Unfortunately we ran out of time to do the fatigue test. We will be trying to slip that in next weekend. We will be fatigue testing at 4G bump (instead of 4.5G as in the static test) for a cycle of 75,000 times. We chose these numbers by estimating this to be ~5 years of severe racing duty.

Thanks and as always, let us know if you have any questions.
Keep up the good work!

As I mentioned before, the real value with this type of test is A-B comparison. The OE parts were probably designed to "just meet" the requirements for 100,000 mi of spirited, normal driving.

Just as a frame of reference, a 30 mph head-on collision is the typical benchmark for most OEMs. Most companies have found 50 and 100G of shock loading to the vehicle compartment as a fair approximation (depending on crumple zones and rigidity). I'm honestly not sure what it is for suspension pieces.

For normal track conditions, it's pretty safe to assume that 4-4.5G has some headroom during a 2-wheel, corner exit situation.

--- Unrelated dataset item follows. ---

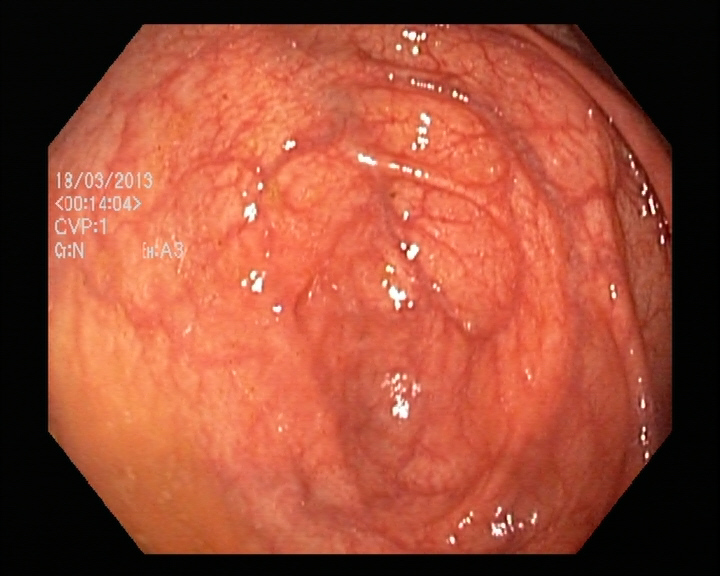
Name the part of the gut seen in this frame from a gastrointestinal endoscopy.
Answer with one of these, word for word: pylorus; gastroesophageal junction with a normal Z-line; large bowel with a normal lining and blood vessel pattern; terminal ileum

Most pothole/curb simulations are between 12 - 25G to the vehicle compartment. At the wheels, you're seeing ~2x that in shock load. Check out the UT paper for military vehicles:
Link to PDF

Obviously a cyclic load isn't a shock load, and we're not building military parts. From what I can tell, your testing is just fine for a semi-controlled environment.

Also, 75,000 potholes/curbs is a solid assumption. Many OE parts are tested to 100,000 cycles for normal functions in non-accelerated life tests. Your testing will definitely validate the normal usage situation quite well, with a bit of headroom.